We all know it, and know it well. Some of us are inundated with it, and most of us agree something needs to be done about it. More often than not, measures to prevent spam are unactionable because of the effect they would have on perfectly legitimate business email.

Not only that, things are getting harder for ISPs. Even the ones that do care about spam (and some are quite happy for their users to do what they want) do not always act quickly, or sometimes at all, so stop it. After all, who wants to go out of their way to lose a paying customer? Not a lot of people, that's who.

Let's start with a few examples...

Example 1 - Spamming Scum

Internet pond life, the Spamming Scum posts indiscriminately to as many addresses as possible, getting those from wherever he can.
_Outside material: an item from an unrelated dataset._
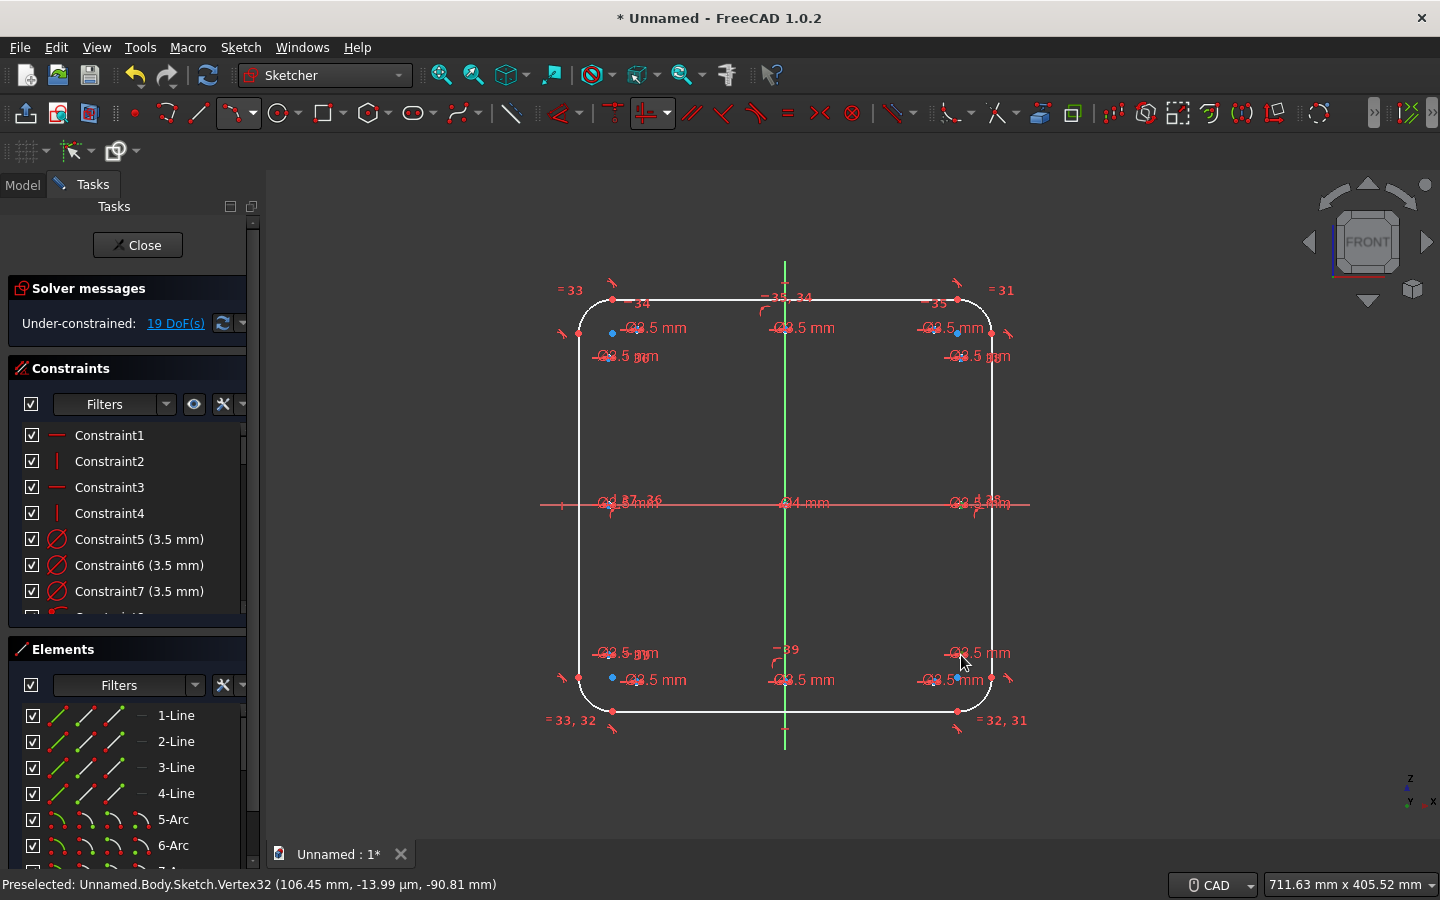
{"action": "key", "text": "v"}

His income comes from a very low percentage of clicks from the emails, and his investment is minimal. He'll often disguise the email, normally at least hiding his real email address, and where the email has come from. He'll try and get around spam filters, and will often succeed.

Example 2 - E-Mail Businessman

The email businessman is a fair bit better than the Spamming Scum. He also relies on clicks from email to make his money, and won't hide his own details from recipients. He will honour unsubscribe requests. And he'll normally be the kind of person who goes to the trouble of buying a verifiable targetted list of emails from a company that hasn't just scraped them off the net. Despite this, he's usually treated the same was as the Spamming Scum.

Example 3 - New Business

A new business (as said elsewhere) may often want to let other businesses (or people) locally know about their services, and so may email as many of both as they can (that may be interested, anyway).

Example 4 - Average Joe

As site owners, most of us get personal emails from our users, some of them selling something. Many site users may visit a site and then realise we might actually be interested in their product - and email us. As mentioned in another thread, sometimes it's welcome.
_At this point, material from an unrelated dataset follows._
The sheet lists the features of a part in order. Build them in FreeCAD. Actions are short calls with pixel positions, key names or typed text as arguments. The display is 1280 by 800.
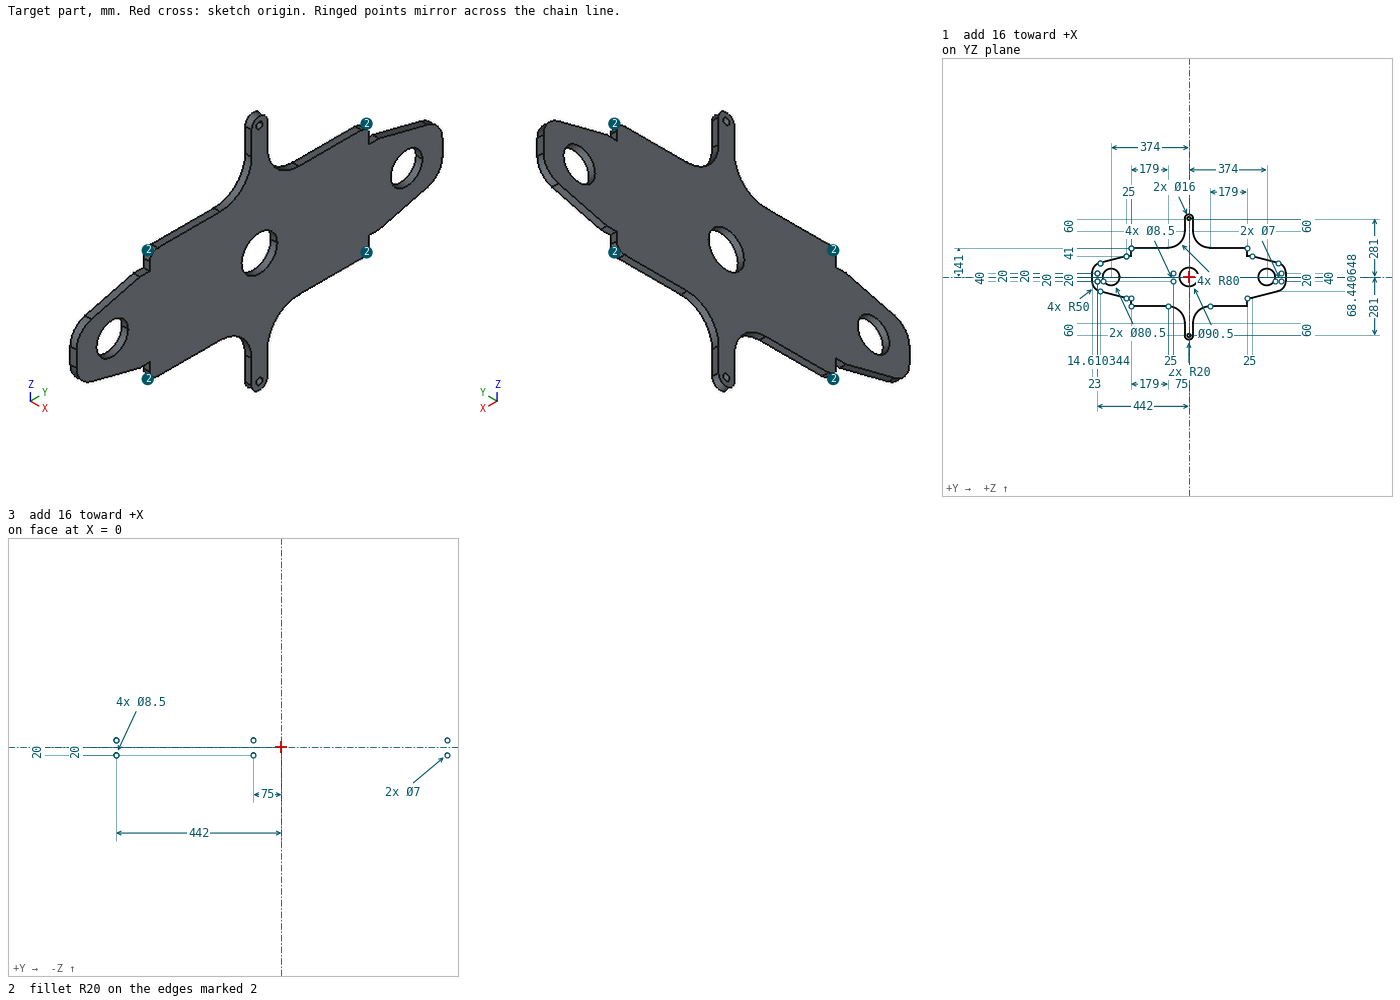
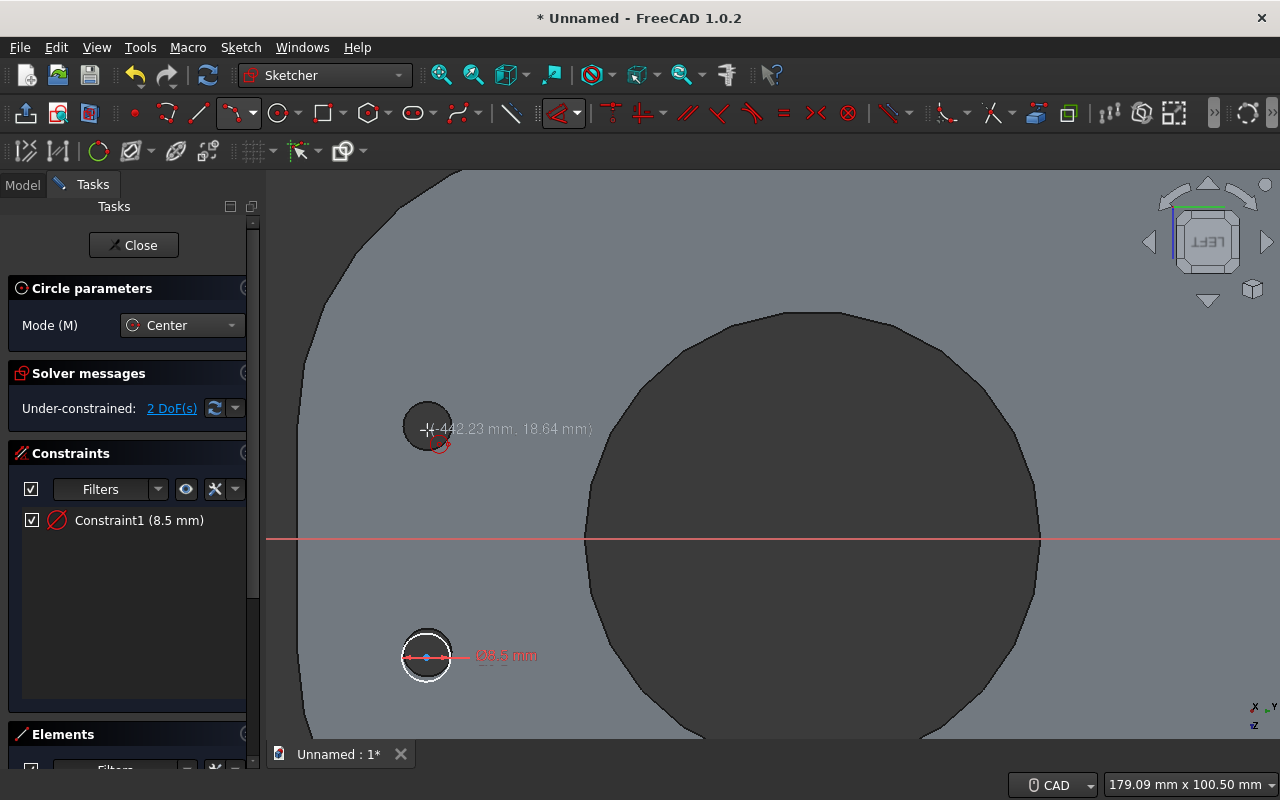
scroll(427, 444, down, 11)

In deciding what to do about spam, we first need to determine what spam is. By most definitions, all of the above are spam. They are "unsolicted commercial email". But I think most of us can agree that while spam is not welcome, it's the quantity of pure rubbish spam that's the real problem. Most of us would probably agree that it's the first (and some of us, the second) group that we want stopped, and not just stopped - hung, drawn and quartered.

In a perfect world, I would be happy for other companies to email my business address offering relevant products that I might be interested in. If my mailbox wasn't filled with garbage (not that it is anymore, see Bayesian Spam Filter thread), then I would probably actually read most of it. If it was targetted, and I wasn't swamped, that is.

Most people agree that they know spam when they see it, but it's hard to come up with a catch-all definition that covers the mail we don't want and doesn't include the mail we do. Spam is always unsolicited, but not all unsolicited mail is spam. Spam is almost always commercial, but not al commercial mail is spam. Spam is always sent in bulk, but not all mail send in bulk is spam.

With that in mind, I'd like to see any sort of legislation passed to be something that seriously nailed the Spamming Scum (huge fines, slow torture) and was very clear on who, exactly, fell into that category. I'd like to see a fine so massive that any of the Email businessmen were very very very careful with their own mailings, and made damn sure that they didn't cross the line between legitimate business practice and just annoying people who don't want bigger breasts or to take a share of ONE HUNDRED AND TWENTY SIX MILLION DOLLARS ($126,000,000). The kind of fine that would be enough to make sure any businesses that were new in an area were also very careful with the addresses they were mailing.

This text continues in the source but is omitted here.